Set down every record below exactly as it stands, leaving out the pictures.

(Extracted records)
- - -

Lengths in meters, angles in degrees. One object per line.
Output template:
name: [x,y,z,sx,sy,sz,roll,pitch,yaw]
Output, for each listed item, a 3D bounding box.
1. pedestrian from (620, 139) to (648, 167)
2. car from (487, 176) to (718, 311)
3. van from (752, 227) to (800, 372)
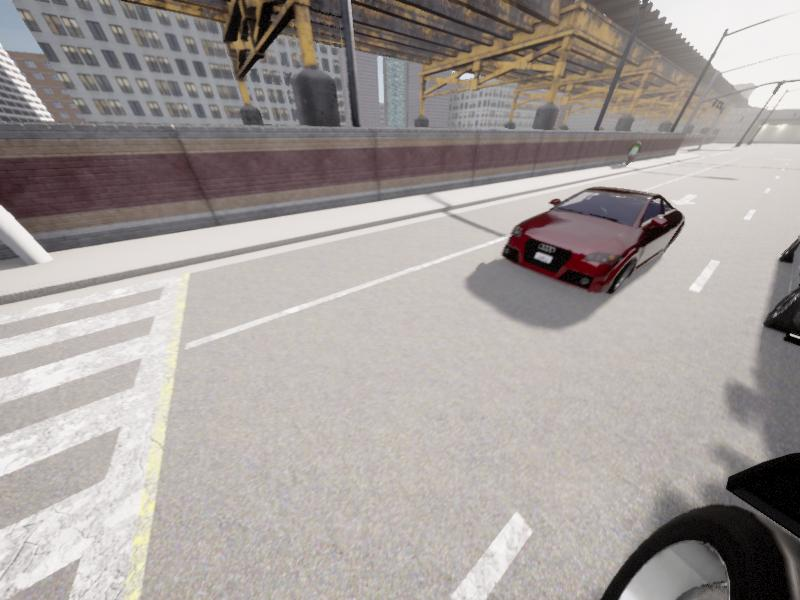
pedestrian: [18.927,-11.923,18.709,0.751,1.860,0.751,-19,39,-25]
car: [4.184,-1.533,4.851,4.181,1.385,1.994,-21,40,-26]
van: [7.455,-0.888,2.897,5.915,2.561,1.988,-22,41,-28]
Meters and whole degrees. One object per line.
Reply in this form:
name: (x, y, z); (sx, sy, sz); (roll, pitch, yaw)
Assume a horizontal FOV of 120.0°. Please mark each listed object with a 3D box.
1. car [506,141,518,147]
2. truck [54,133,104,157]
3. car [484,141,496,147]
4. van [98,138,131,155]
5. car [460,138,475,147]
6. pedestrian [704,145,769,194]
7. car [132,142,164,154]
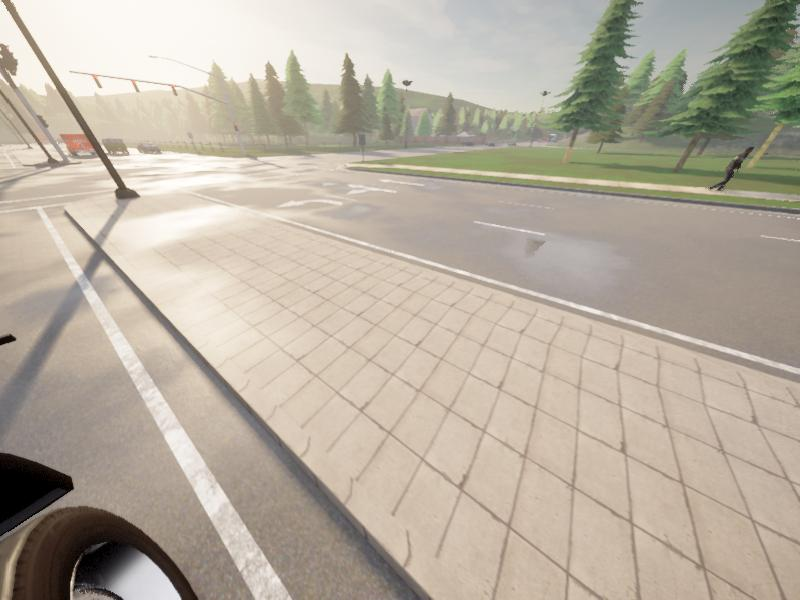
car: (35.280, -49.262, 72.835); (2.128, 1.511, 4.902); (23, 41, 28)
truck: (-43.413, -21.005, 31.246); (5.204, 2.467, 2.627); (23, 41, 28)
car: (26.352, -45.623, 67.550); (1.837, 1.490, 4.892); (23, 41, 28)
van: (-42.466, -22.888, 34.334); (4.442, 1.987, 1.775); (22, 41, 28)
car: (20.651, -48.202, 70.700); (2.150, 2.045, 5.566); (23, 41, 28)
pedestrian: (15.309, -5.993, 10.611); (0.751, 1.860, 0.751); (22, 41, 28)
car: (-39.870, -24.054, 36.518); (5.357, 1.411, 2.033); (22, 41, 28)
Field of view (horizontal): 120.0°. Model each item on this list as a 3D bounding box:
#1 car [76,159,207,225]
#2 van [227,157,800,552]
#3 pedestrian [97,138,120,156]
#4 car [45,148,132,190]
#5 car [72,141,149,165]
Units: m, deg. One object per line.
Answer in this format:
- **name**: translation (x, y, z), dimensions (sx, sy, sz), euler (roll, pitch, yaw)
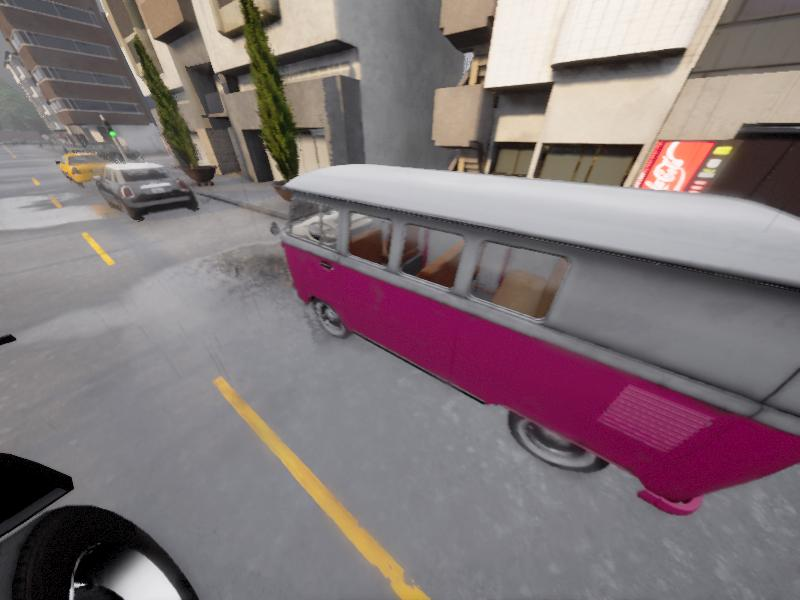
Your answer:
- **car**: translation (-9.167, -4.016, 8.235), dimensions (3.806, 1.475, 1.970), euler (22, 41, 28)
- **van**: translation (0.482, -0.288, 2.598), dimensions (4.442, 1.987, 1.775), euler (22, 41, 28)
- **pedestrian**: translation (-36.199, -19.035, 28.712), dimensions (0.751, 1.860, 0.751), euler (8, 36, 10)
- **car**: translation (-17.590, -7.494, 13.001), dimensions (5.366, 1.575, 1.801), euler (22, 41, 28)
- **car**: translation (-27.694, -14.336, 22.424), dimensions (2.097, 1.767, 4.553), euler (-6, 36, -10)
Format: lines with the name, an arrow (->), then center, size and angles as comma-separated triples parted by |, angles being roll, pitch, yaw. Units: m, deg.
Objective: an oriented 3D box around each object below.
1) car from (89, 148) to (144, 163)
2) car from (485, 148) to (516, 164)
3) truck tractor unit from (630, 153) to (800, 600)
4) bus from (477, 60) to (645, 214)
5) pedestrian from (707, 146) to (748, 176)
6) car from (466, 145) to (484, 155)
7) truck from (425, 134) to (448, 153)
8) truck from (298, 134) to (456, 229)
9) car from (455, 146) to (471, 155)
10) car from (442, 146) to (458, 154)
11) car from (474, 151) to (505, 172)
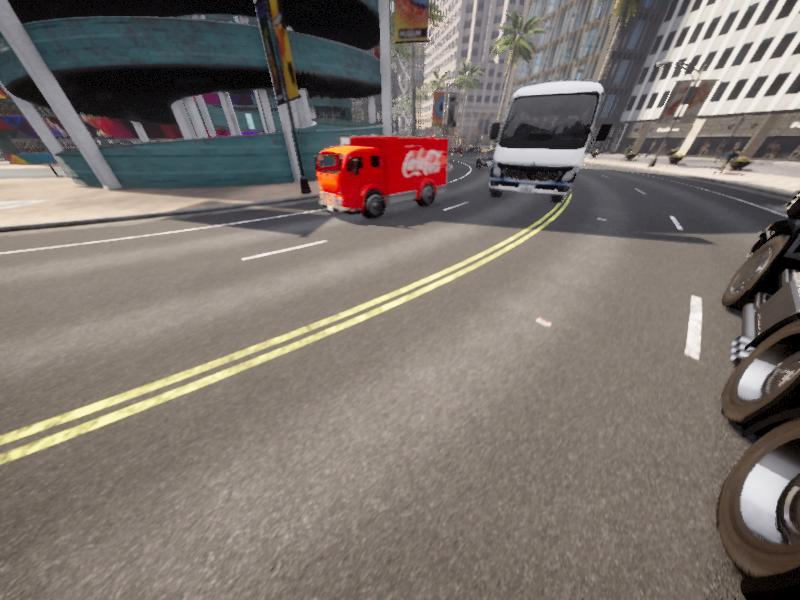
car -> -38.292, -19.783, 31.431 | 2.128, 1.511, 4.902 | -7, 35, -10
car -> 13.110, -19.016, 30.454 | 2.007, 1.525, 4.514 | -2, 34, -2
truck tractor unit -> 4.904, -0.468, 1.021 | 6.516, 4.208, 3.053 | -26, 42, -32
bus -> 7.806, -8.205, 12.282 | 3.944, 4.253, 10.273 | 18, 38, 24
pedestrian -> 24.243, -10.312, 17.137 | 0.751, 1.860, 0.751 | 12, 36, 17
car -> 16.003, -32.313, 49.779 | 1.851, 1.617, 3.988 | -7, 35, -10
truck -> 9.384, -41.073, 60.599 | 2.891, 3.827, 8.468 | -7, 35, -10
truck -> -0.563, -4.889, 9.025 | 2.627, 2.467, 5.204 | 30, 44, 35
car -> 12.947, -30.888, 47.744 | 1.789, 1.549, 3.705 | -7, 35, -10
car -> 11.549, -34.492, 53.174 | 1.994, 1.385, 4.181 | -7, 35, -10
car -> 8.798, -13.958, 23.091 | 2.128, 1.511, 4.902 | 7, 35, 9
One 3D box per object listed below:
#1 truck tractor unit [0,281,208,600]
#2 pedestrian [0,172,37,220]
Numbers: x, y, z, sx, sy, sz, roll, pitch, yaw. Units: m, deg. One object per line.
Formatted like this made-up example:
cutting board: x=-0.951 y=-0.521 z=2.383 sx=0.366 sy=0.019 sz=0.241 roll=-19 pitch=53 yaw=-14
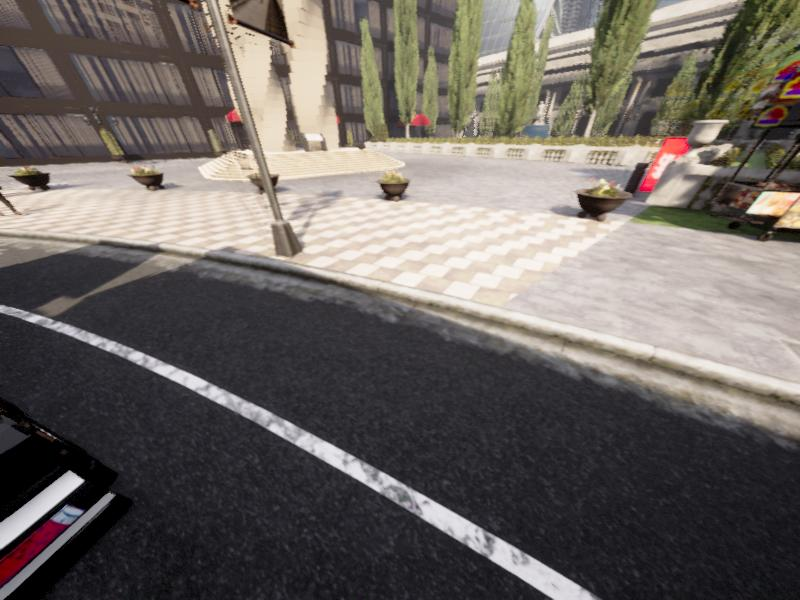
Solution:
truck tractor unit: x=-5.267 y=-0.104 z=0.523 sx=6.516 sy=4.208 sz=3.053 roll=11 pitch=37 yaw=16
pedestrian: x=-13.371 y=-3.661 z=7.441 sx=0.751 sy=1.860 sz=0.751 roll=6 pitch=36 yaw=9
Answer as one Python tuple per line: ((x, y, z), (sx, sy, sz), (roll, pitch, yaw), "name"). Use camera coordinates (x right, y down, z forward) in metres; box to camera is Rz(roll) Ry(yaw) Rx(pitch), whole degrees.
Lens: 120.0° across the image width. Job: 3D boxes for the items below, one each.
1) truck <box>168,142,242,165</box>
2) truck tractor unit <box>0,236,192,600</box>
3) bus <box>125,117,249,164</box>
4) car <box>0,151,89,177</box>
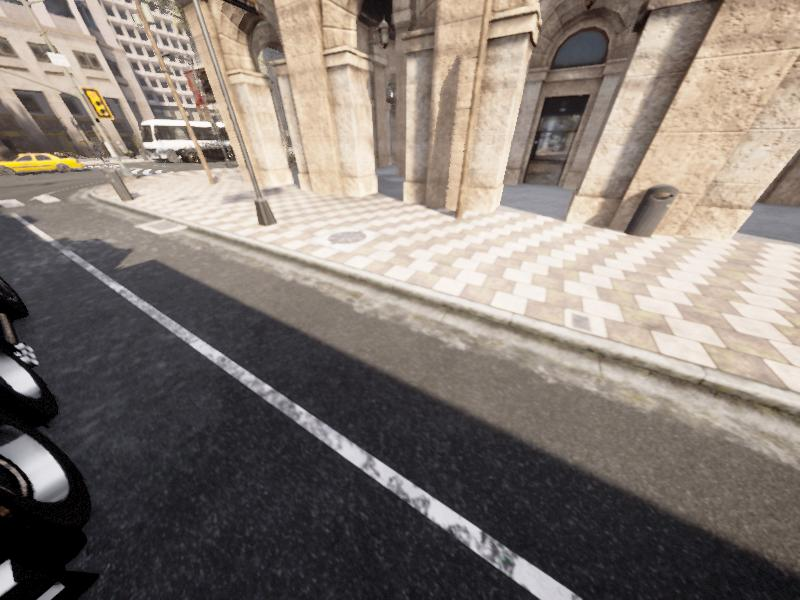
((-23.891, -18.356, 28.725), (2.390, 2.098, 6.274), (18, 39, 24), "truck")
((-5.062, -0.348, 0.843), (6.516, 4.208, 3.053), (20, 40, 26), "truck tractor unit")
((-26.501, -20.436, 29.861), (3.944, 4.253, 10.273), (18, 38, 25), "bus")
((-30.657, -11.399, 19.236), (1.801, 1.575, 5.366), (18, 39, 24), "car")
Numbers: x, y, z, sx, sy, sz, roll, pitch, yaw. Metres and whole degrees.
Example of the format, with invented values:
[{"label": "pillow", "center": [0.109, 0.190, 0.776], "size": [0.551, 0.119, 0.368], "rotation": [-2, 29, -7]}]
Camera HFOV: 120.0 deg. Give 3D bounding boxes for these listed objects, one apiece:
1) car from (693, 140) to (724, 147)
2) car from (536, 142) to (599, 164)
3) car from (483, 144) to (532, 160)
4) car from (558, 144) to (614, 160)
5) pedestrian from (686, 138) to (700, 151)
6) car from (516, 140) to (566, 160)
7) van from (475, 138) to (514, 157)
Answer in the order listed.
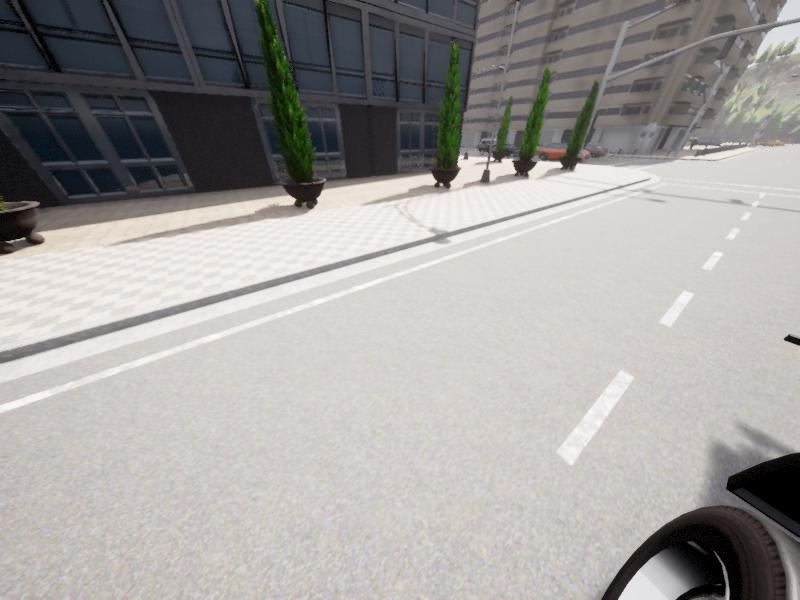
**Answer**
[{"label": "car", "center": [81.467, -41.442, 61.084], "size": [1.812, 1.442, 4.674], "rotation": [-21, 40, -27]}, {"label": "car", "center": [17.066, -15.263, 23.856], "size": [2.097, 1.767, 4.553], "rotation": [-21, 40, -27]}, {"label": "car", "center": [13.139, -18.437, 28.635], "size": [2.128, 1.511, 4.902], "rotation": [-22, 40, -27]}, {"label": "car", "center": [22.264, -17.908, 27.889], "size": [1.812, 1.442, 4.674], "rotation": [-22, 41, -27]}, {"label": "pedestrian", "center": [50.207, -26.639, 39.558], "size": [0.751, 1.860, 0.751], "rotation": [-29, 44, -34]}, {"label": "car", "center": [17.294, -18.677, 28.632], "size": [1.932, 1.855, 4.605], "rotation": [-22, 40, -28]}, {"label": "van", "center": [13.445, -21.952, 33.166], "size": [2.069, 2.038, 4.480], "rotation": [-22, 40, -28]}]

- - -

Task answer
Lengths in meters, angles in degrees. One object per line.
Output template:
name: [x,y,z,sx,sy,sz,roll,pitch,yaw]
Output, for each listed item, a 3D bounding box.
1. pedestrian from (620, 139) to (648, 167)
2. car from (487, 176) to (718, 311)
3. van from (752, 227) to (800, 372)
pedestrian: [18.927,-11.923,18.709,0.751,1.860,0.751,-19,39,-25]
car: [4.184,-1.533,4.851,4.181,1.385,1.994,-21,40,-26]
van: [7.455,-0.888,2.897,5.915,2.561,1.988,-22,41,-28]
Meters and whole degrees. One object per line.
Reply in this form:
name: (x, y, z); (sx, sy, sz); (roll, pitch, yaw)
Assume a horizontal FOV of 120.0°. Please mark each listed object with a 3D box.
1. car [506,141,518,147]
2. truck [54,133,104,157]
3. car [484,141,496,147]
4. van [98,138,131,155]
5. car [460,138,475,147]
6. pedestrian [704,145,769,194]
7. car [132,142,164,154]
car: (35.280, -49.262, 72.835); (2.128, 1.511, 4.902); (23, 41, 28)
truck: (-43.413, -21.005, 31.246); (5.204, 2.467, 2.627); (23, 41, 28)
car: (26.352, -45.623, 67.550); (1.837, 1.490, 4.892); (23, 41, 28)
van: (-42.466, -22.888, 34.334); (4.442, 1.987, 1.775); (22, 41, 28)
car: (20.651, -48.202, 70.700); (2.150, 2.045, 5.566); (23, 41, 28)
pedestrian: (15.309, -5.993, 10.611); (0.751, 1.860, 0.751); (22, 41, 28)
car: (-39.870, -24.054, 36.518); (5.357, 1.411, 2.033); (22, 41, 28)
Field of view (horizontal): 120.0°. Model each item on this list as a 3D bounding box:
#1 car [76,159,207,225]
#2 van [227,157,800,552]
#3 pedestrian [97,138,120,156]
#4 car [45,148,132,190]
#5 car [72,141,149,165]
Units: m, deg. One object per line.
Answer in this format:
- **name**: translation (x, y, z), dimensions (sx, sy, sz), euler (roll, pitch, yaw)
Your answer:
- **car**: translation (-9.167, -4.016, 8.235), dimensions (3.806, 1.475, 1.970), euler (22, 41, 28)
- **van**: translation (0.482, -0.288, 2.598), dimensions (4.442, 1.987, 1.775), euler (22, 41, 28)
- **pedestrian**: translation (-36.199, -19.035, 28.712), dimensions (0.751, 1.860, 0.751), euler (8, 36, 10)
- **car**: translation (-17.590, -7.494, 13.001), dimensions (5.366, 1.575, 1.801), euler (22, 41, 28)
- **car**: translation (-27.694, -14.336, 22.424), dimensions (2.097, 1.767, 4.553), euler (-6, 36, -10)
Format: lines with the name, an arrow (->), then center, size and angles as comma-separated triples parted by |, angles being roll, pitch, yaw. Units: m, deg.
Objective: an oriented 3D box around each object below.
1) car from (89, 148) to (144, 163)
2) car from (485, 148) to (516, 164)
3) truck tractor unit from (630, 153) to (800, 600)
4) bus from (477, 60) to (645, 214)
5) pedestrian from (707, 146) to (748, 176)
6) car from (466, 145) to (484, 155)
7) truck from (425, 134) to (448, 153)
8) truck from (298, 134) to (456, 229)
9) car from (455, 146) to (471, 155)
10) car from (442, 146) to (458, 154)
11) car from (474, 151) to (505, 172)
car -> -38.292, -19.783, 31.431 | 2.128, 1.511, 4.902 | -7, 35, -10
car -> 13.110, -19.016, 30.454 | 2.007, 1.525, 4.514 | -2, 34, -2
truck tractor unit -> 4.904, -0.468, 1.021 | 6.516, 4.208, 3.053 | -26, 42, -32
bus -> 7.806, -8.205, 12.282 | 3.944, 4.253, 10.273 | 18, 38, 24
pedestrian -> 24.243, -10.312, 17.137 | 0.751, 1.860, 0.751 | 12, 36, 17
car -> 16.003, -32.313, 49.779 | 1.851, 1.617, 3.988 | -7, 35, -10
truck -> 9.384, -41.073, 60.599 | 2.891, 3.827, 8.468 | -7, 35, -10
truck -> -0.563, -4.889, 9.025 | 2.627, 2.467, 5.204 | 30, 44, 35
car -> 12.947, -30.888, 47.744 | 1.789, 1.549, 3.705 | -7, 35, -10
car -> 11.549, -34.492, 53.174 | 1.994, 1.385, 4.181 | -7, 35, -10
car -> 8.798, -13.958, 23.091 | 2.128, 1.511, 4.902 | 7, 35, 9
One 3D box per object listed below:
#1 truck tractor unit [0,281,208,600]
#2 pedestrian [0,172,37,220]
Numbers: x, y, z, sx, sy, sz, roll, pitch, yaw. Units: m, deg. One object per line.
Formatted like this made-up example:
cutting board: x=-0.951 y=-0.521 z=2.383 sx=0.366 sy=0.019 sz=0.241 roll=-19 pitch=53 yaw=-14
Solution:
truck tractor unit: x=-5.267 y=-0.104 z=0.523 sx=6.516 sy=4.208 sz=3.053 roll=11 pitch=37 yaw=16
pedestrian: x=-13.371 y=-3.661 z=7.441 sx=0.751 sy=1.860 sz=0.751 roll=6 pitch=36 yaw=9
Answer as one Python tuple per line: ((x, y, z), (sx, sy, sz), (roll, pitch, yaw), "name"). Use camera coordinates (x right, y down, z forward) in metres; box to camera is Rz(roll) Ry(yaw) Rx(pitch), whole degrees.
Lens: 120.0° across the image width. Job: 3D boxes for the items below, one each.
1) truck <box>168,142,242,165</box>
2) truck tractor unit <box>0,236,192,600</box>
3) bus <box>125,117,249,164</box>
4) car <box>0,151,89,177</box>
((-23.891, -18.356, 28.725), (2.390, 2.098, 6.274), (18, 39, 24), "truck")
((-5.062, -0.348, 0.843), (6.516, 4.208, 3.053), (20, 40, 26), "truck tractor unit")
((-26.501, -20.436, 29.861), (3.944, 4.253, 10.273), (18, 38, 25), "bus")
((-30.657, -11.399, 19.236), (1.801, 1.575, 5.366), (18, 39, 24), "car")
Numbers: x, y, z, sx, sy, sz, roll, pitch, yaw. Metres and whole degrees.
Example of the format, with invented values:
[{"label": "pillow", "center": [0.109, 0.190, 0.776], "size": [0.551, 0.119, 0.368], "rotation": [-2, 29, -7]}]
Camera HFOV: 120.0 deg. Give 3D bounding boxes for these listed objects, one apiece:
1) car from (693, 140) to (724, 147)
2) car from (536, 142) to (599, 164)
3) car from (483, 144) to (532, 160)
4) car from (558, 144) to (614, 160)
5) pedestrian from (686, 138) to (700, 151)
6) car from (516, 140) to (566, 160)
7) van from (475, 138) to (514, 157)
Answer in the order listed.
**Answer**
[{"label": "car", "center": [81.467, -41.442, 61.084], "size": [1.812, 1.442, 4.674], "rotation": [-21, 40, -27]}, {"label": "car", "center": [17.066, -15.263, 23.856], "size": [2.097, 1.767, 4.553], "rotation": [-21, 40, -27]}, {"label": "car", "center": [13.139, -18.437, 28.635], "size": [2.128, 1.511, 4.902], "rotation": [-22, 40, -27]}, {"label": "car", "center": [22.264, -17.908, 27.889], "size": [1.812, 1.442, 4.674], "rotation": [-22, 41, -27]}, {"label": "pedestrian", "center": [50.207, -26.639, 39.558], "size": [0.751, 1.860, 0.751], "rotation": [-29, 44, -34]}, {"label": "car", "center": [17.294, -18.677, 28.632], "size": [1.932, 1.855, 4.605], "rotation": [-22, 40, -28]}, {"label": "van", "center": [13.445, -21.952, 33.166], "size": [2.069, 2.038, 4.480], "rotation": [-22, 40, -28]}]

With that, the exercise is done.